Items from a dataset =>

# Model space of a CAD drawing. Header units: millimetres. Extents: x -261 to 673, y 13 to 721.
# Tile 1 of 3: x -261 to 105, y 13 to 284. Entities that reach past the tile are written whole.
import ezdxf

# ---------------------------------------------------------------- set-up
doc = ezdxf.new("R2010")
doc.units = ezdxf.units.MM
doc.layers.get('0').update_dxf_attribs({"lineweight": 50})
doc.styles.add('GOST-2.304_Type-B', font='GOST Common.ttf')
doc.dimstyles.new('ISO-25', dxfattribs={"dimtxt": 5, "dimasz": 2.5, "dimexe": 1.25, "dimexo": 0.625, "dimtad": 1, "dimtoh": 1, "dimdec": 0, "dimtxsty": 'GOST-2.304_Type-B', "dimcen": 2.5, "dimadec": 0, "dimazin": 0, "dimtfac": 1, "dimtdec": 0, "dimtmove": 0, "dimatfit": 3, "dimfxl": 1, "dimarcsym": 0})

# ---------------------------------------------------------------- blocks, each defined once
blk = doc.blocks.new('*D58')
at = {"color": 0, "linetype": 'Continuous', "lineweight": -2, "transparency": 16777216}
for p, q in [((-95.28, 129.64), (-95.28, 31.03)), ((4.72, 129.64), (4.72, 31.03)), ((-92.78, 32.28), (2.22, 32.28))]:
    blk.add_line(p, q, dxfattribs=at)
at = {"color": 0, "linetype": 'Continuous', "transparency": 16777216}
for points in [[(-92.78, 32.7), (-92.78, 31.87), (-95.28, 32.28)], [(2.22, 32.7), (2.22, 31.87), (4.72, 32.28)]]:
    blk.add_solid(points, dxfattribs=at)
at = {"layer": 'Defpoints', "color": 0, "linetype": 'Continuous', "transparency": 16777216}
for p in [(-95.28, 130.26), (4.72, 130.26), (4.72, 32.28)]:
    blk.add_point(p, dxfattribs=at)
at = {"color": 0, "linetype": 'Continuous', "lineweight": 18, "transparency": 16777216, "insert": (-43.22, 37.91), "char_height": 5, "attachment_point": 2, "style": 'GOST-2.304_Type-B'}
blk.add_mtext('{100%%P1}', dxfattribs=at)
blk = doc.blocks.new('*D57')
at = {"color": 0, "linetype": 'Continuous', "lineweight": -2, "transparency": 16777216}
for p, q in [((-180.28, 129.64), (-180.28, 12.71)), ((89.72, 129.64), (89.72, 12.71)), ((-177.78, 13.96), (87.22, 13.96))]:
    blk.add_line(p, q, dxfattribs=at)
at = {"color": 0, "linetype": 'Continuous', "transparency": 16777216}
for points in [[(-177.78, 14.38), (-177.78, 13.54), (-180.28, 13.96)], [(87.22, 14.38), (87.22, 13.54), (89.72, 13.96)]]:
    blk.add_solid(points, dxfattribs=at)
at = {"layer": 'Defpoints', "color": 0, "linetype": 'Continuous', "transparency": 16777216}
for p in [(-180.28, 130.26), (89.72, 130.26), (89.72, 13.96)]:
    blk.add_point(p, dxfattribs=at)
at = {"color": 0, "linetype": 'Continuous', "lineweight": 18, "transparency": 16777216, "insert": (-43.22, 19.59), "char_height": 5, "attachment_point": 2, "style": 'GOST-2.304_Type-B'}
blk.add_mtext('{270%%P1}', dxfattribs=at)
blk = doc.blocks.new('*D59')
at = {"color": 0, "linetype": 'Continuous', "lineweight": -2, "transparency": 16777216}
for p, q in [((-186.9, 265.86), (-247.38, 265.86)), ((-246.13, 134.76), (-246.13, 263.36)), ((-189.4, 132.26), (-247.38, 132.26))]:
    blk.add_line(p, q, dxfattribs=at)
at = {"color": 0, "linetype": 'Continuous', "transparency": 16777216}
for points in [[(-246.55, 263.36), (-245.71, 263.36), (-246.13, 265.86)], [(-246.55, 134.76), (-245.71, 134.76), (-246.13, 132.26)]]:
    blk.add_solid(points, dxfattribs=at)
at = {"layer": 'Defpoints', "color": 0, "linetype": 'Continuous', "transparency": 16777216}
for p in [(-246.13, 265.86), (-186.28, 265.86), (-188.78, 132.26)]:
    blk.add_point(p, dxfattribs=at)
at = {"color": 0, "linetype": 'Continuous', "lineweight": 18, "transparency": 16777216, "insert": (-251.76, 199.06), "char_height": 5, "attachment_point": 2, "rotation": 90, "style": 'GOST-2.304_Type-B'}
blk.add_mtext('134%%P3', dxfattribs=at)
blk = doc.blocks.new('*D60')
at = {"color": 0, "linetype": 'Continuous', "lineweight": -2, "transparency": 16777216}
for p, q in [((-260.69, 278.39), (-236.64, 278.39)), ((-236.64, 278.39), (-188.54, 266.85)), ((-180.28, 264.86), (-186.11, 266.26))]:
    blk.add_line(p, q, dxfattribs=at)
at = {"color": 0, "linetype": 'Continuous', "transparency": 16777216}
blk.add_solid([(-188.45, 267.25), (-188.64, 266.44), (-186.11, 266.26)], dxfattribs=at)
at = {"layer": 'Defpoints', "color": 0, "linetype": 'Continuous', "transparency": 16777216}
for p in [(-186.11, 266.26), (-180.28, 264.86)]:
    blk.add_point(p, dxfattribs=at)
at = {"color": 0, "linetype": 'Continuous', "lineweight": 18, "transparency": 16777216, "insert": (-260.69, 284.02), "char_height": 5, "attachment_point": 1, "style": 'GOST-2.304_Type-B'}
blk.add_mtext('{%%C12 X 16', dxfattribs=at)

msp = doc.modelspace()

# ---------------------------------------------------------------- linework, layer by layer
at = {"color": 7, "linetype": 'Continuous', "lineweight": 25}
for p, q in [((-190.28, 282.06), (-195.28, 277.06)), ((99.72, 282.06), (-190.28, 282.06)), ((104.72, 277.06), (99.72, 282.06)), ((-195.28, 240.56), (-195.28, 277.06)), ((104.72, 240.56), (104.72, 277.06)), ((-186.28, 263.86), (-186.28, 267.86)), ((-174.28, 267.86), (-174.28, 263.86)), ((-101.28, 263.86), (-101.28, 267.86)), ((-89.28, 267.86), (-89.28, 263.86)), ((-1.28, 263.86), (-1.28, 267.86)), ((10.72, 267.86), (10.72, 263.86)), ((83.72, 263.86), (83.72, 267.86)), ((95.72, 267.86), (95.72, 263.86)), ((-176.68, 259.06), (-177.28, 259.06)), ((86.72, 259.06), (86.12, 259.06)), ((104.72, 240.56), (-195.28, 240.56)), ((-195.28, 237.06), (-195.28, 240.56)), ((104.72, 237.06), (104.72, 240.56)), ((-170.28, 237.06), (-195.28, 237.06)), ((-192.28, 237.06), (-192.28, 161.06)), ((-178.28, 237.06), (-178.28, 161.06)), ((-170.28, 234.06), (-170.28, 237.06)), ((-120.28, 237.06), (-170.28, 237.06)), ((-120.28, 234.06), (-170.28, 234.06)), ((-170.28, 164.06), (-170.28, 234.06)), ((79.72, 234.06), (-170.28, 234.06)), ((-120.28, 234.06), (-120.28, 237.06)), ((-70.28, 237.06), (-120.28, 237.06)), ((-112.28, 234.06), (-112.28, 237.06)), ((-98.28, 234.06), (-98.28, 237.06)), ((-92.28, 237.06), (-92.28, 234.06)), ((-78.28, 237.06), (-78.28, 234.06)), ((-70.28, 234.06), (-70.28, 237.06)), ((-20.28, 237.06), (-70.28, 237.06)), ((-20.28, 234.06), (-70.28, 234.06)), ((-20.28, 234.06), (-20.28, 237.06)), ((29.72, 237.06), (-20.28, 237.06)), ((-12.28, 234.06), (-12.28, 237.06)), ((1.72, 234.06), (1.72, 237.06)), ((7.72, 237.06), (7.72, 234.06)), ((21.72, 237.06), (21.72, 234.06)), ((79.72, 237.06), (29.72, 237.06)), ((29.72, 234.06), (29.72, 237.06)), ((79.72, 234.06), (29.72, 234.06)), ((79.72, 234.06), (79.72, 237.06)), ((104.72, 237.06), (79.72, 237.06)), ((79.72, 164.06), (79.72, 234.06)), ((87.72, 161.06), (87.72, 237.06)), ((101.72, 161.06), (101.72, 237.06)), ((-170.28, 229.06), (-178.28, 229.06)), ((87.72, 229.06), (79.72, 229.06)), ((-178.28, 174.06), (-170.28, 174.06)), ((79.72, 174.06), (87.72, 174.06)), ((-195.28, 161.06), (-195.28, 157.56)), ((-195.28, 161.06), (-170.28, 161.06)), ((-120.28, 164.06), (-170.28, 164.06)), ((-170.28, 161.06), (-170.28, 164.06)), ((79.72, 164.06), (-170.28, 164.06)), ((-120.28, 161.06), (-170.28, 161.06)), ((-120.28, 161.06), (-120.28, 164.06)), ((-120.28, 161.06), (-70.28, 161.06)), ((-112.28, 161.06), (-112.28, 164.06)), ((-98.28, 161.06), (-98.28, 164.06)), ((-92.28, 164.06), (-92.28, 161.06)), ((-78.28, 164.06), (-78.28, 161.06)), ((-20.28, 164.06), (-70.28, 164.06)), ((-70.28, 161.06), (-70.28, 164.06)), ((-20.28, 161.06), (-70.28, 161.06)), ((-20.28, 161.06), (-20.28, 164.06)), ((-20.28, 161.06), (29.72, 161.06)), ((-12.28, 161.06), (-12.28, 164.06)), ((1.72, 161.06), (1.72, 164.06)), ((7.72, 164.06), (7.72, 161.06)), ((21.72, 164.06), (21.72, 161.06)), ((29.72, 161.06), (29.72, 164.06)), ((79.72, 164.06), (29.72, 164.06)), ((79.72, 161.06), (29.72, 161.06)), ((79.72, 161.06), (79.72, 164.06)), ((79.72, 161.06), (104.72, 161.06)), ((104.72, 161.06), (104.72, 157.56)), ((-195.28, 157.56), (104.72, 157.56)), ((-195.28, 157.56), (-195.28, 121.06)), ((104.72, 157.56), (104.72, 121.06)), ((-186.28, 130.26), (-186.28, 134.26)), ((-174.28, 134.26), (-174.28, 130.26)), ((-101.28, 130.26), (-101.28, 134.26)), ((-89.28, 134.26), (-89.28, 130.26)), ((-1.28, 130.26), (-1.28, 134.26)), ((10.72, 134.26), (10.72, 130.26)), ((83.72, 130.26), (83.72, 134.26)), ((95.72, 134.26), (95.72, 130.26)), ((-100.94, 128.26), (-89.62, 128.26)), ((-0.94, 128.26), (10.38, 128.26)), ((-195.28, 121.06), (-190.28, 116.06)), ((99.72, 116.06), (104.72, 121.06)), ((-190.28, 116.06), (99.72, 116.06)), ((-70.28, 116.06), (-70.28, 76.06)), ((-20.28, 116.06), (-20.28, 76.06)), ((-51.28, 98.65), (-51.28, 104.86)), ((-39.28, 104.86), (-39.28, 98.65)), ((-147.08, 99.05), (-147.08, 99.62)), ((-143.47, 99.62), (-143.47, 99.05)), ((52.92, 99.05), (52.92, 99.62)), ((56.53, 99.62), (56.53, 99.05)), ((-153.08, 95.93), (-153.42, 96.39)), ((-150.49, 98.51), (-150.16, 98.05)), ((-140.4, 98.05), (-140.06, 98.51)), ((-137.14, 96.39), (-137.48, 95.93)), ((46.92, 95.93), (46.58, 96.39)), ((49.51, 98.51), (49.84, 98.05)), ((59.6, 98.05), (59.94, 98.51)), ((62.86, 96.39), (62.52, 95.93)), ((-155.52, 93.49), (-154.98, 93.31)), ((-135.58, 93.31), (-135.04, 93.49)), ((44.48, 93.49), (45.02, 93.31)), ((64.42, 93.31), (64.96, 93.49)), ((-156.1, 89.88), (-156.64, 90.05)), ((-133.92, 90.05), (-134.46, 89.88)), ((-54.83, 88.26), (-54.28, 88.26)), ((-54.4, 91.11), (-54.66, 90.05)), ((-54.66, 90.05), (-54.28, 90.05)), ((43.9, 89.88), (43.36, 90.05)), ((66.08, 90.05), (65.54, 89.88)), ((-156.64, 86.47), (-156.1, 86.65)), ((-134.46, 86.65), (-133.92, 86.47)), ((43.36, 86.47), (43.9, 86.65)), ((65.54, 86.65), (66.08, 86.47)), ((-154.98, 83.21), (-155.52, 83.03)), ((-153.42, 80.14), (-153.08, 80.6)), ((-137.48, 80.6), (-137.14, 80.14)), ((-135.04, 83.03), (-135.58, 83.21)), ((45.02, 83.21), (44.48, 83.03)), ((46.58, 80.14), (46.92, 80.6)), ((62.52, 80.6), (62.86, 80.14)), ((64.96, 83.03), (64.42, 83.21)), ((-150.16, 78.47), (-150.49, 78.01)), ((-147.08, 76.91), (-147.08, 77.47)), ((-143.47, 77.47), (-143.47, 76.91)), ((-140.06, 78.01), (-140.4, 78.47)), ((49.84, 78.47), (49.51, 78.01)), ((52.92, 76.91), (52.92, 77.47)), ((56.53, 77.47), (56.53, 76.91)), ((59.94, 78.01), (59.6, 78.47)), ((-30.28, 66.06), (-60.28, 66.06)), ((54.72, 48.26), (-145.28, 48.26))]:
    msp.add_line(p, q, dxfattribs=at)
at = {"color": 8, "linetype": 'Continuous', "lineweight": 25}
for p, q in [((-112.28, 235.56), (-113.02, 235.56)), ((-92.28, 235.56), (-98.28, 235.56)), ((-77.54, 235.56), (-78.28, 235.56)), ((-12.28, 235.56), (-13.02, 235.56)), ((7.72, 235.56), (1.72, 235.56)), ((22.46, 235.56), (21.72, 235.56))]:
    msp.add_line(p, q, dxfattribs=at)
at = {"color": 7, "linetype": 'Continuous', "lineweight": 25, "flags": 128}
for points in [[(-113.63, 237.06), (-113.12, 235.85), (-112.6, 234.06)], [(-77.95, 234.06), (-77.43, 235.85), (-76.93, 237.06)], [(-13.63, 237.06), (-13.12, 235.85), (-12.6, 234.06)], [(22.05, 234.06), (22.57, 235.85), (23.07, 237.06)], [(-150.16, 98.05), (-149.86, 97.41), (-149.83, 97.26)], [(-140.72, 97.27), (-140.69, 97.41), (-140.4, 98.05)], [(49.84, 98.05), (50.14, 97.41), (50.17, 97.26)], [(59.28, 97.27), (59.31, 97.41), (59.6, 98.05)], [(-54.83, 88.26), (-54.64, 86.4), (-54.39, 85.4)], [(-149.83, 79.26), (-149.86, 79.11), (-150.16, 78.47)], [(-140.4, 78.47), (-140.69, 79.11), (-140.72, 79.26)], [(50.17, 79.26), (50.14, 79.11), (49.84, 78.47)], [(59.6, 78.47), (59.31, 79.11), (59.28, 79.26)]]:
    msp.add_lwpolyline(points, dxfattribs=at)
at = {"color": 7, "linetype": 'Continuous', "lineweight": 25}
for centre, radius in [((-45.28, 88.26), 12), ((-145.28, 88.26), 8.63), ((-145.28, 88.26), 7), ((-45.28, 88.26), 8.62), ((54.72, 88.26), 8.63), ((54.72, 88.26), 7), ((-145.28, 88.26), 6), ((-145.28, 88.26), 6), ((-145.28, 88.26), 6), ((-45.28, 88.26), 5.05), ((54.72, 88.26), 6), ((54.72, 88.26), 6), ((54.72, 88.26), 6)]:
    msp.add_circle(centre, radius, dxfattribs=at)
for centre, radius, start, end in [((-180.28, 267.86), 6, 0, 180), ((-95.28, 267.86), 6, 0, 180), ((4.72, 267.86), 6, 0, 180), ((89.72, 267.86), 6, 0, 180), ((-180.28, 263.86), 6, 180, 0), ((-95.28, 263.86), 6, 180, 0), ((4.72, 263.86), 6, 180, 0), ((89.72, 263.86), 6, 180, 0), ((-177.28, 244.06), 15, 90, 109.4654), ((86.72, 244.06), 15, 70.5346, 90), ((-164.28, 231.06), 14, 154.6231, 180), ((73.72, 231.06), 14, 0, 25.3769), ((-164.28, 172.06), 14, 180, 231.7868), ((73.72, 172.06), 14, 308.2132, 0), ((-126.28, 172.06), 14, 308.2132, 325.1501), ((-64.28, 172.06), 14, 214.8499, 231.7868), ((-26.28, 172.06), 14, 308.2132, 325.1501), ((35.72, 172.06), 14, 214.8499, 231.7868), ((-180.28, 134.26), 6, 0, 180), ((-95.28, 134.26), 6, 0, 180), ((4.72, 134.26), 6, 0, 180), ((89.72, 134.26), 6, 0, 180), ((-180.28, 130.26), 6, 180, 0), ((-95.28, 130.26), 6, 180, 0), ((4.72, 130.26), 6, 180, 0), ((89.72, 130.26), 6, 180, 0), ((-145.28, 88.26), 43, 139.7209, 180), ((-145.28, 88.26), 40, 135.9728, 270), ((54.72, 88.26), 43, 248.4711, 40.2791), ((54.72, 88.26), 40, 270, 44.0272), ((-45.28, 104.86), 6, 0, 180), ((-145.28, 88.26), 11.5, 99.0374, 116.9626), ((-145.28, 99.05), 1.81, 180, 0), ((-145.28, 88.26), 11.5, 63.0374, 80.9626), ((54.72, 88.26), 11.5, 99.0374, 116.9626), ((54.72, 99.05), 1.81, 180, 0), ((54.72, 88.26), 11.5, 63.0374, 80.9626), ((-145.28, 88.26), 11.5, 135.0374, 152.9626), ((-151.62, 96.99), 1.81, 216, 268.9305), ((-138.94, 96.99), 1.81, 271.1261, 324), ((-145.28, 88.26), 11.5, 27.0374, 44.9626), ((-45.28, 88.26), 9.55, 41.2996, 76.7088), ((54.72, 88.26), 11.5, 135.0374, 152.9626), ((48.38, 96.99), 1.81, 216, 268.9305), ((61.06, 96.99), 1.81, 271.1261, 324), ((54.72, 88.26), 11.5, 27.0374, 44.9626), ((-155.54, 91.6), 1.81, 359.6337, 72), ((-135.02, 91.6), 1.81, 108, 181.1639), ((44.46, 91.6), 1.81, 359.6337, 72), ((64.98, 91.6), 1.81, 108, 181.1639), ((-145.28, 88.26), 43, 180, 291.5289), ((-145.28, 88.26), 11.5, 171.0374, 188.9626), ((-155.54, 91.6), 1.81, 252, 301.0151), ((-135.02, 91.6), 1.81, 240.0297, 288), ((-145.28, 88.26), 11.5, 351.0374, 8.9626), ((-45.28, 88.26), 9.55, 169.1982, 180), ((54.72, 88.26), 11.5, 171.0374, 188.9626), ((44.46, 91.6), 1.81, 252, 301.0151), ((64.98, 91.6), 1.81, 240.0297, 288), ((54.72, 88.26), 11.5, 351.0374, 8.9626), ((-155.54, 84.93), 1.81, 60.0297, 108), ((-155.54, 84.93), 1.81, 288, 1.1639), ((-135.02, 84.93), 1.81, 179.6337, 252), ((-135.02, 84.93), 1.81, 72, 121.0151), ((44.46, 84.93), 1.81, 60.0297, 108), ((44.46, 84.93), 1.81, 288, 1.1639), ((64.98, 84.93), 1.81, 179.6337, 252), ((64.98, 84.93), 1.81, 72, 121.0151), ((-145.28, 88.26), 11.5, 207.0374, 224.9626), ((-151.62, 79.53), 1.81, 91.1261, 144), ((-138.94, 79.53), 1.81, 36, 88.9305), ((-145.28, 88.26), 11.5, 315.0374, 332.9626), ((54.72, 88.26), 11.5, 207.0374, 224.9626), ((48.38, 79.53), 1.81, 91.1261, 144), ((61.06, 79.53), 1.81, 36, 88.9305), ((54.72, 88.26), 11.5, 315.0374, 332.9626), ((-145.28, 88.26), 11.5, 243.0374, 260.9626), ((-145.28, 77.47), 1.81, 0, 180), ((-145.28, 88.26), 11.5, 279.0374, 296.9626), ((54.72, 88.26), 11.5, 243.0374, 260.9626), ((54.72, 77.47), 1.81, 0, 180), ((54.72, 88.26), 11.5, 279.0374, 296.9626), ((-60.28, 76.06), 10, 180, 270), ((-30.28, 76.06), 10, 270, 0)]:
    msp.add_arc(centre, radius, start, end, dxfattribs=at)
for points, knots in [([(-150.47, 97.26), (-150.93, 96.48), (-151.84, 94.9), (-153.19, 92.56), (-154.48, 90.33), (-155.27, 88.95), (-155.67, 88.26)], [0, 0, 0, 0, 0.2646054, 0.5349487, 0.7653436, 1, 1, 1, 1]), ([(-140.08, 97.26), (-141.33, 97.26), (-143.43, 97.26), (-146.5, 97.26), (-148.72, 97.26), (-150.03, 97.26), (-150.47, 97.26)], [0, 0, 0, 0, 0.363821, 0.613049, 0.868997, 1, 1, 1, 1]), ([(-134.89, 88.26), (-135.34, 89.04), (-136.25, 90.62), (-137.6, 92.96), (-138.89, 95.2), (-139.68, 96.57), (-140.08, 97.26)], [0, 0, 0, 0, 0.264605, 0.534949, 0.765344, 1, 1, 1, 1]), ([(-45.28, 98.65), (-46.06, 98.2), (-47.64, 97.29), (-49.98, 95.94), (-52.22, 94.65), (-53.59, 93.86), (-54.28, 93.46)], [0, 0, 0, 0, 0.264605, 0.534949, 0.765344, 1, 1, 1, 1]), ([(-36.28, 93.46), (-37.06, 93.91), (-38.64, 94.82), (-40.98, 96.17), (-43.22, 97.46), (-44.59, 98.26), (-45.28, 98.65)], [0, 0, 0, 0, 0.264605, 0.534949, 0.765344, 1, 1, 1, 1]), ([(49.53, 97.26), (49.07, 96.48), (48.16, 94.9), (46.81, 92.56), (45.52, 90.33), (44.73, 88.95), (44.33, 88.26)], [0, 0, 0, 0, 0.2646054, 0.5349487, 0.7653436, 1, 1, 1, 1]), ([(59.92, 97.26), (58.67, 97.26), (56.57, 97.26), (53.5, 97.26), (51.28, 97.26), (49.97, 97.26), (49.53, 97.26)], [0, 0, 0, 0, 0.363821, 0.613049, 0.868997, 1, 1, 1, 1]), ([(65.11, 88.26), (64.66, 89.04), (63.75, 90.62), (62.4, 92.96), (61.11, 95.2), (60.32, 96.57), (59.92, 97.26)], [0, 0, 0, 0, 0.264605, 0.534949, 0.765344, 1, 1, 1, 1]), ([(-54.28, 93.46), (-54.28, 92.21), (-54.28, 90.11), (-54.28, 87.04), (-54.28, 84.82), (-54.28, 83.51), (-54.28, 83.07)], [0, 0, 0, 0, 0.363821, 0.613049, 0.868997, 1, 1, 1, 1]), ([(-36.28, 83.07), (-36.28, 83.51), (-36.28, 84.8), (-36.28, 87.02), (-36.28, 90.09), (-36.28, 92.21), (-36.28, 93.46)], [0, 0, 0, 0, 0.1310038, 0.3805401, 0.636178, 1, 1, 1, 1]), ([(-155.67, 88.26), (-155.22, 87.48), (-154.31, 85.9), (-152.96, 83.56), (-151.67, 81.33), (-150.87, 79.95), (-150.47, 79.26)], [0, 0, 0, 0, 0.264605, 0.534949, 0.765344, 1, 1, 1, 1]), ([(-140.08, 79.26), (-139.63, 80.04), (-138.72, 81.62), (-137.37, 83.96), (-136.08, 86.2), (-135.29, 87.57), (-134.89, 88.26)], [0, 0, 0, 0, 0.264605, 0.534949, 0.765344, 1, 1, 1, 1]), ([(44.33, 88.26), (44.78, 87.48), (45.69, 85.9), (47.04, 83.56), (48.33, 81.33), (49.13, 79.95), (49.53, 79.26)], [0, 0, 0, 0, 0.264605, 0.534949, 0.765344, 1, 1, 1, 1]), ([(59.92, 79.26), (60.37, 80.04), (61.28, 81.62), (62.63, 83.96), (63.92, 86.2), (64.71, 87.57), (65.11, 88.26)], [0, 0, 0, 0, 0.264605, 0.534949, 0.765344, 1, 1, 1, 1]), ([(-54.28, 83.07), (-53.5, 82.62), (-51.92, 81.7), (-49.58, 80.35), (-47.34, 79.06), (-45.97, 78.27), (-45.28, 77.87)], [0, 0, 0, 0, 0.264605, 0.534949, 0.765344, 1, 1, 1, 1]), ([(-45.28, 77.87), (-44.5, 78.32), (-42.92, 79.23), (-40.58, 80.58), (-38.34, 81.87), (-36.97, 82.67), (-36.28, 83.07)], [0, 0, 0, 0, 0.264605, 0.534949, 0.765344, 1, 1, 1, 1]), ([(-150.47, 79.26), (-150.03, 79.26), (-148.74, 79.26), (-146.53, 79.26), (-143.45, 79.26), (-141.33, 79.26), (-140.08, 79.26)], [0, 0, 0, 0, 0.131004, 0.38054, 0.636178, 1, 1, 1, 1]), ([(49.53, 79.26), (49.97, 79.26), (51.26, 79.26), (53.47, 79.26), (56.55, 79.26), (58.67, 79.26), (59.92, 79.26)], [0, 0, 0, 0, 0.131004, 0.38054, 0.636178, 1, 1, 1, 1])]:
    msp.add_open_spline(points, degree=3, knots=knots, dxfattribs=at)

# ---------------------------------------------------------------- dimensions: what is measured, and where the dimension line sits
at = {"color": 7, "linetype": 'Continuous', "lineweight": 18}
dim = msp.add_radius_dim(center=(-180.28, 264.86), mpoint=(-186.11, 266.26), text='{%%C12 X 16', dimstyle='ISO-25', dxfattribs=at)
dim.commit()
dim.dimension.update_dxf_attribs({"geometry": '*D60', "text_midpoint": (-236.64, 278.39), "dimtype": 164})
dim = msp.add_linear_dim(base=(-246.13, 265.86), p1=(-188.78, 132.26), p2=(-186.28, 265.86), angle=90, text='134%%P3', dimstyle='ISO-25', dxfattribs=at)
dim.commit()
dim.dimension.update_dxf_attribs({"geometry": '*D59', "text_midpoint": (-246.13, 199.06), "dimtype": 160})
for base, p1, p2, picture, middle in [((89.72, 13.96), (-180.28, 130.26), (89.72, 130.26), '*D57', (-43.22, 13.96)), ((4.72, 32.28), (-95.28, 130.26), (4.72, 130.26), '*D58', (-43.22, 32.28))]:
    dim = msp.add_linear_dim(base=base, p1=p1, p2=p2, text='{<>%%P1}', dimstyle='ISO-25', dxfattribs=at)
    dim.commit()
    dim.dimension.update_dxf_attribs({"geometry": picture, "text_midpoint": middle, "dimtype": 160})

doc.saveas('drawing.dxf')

What you are asked to do => Reply with nothing but the number of lines in the data that include the word "dimtype".

Result for this exercise => 3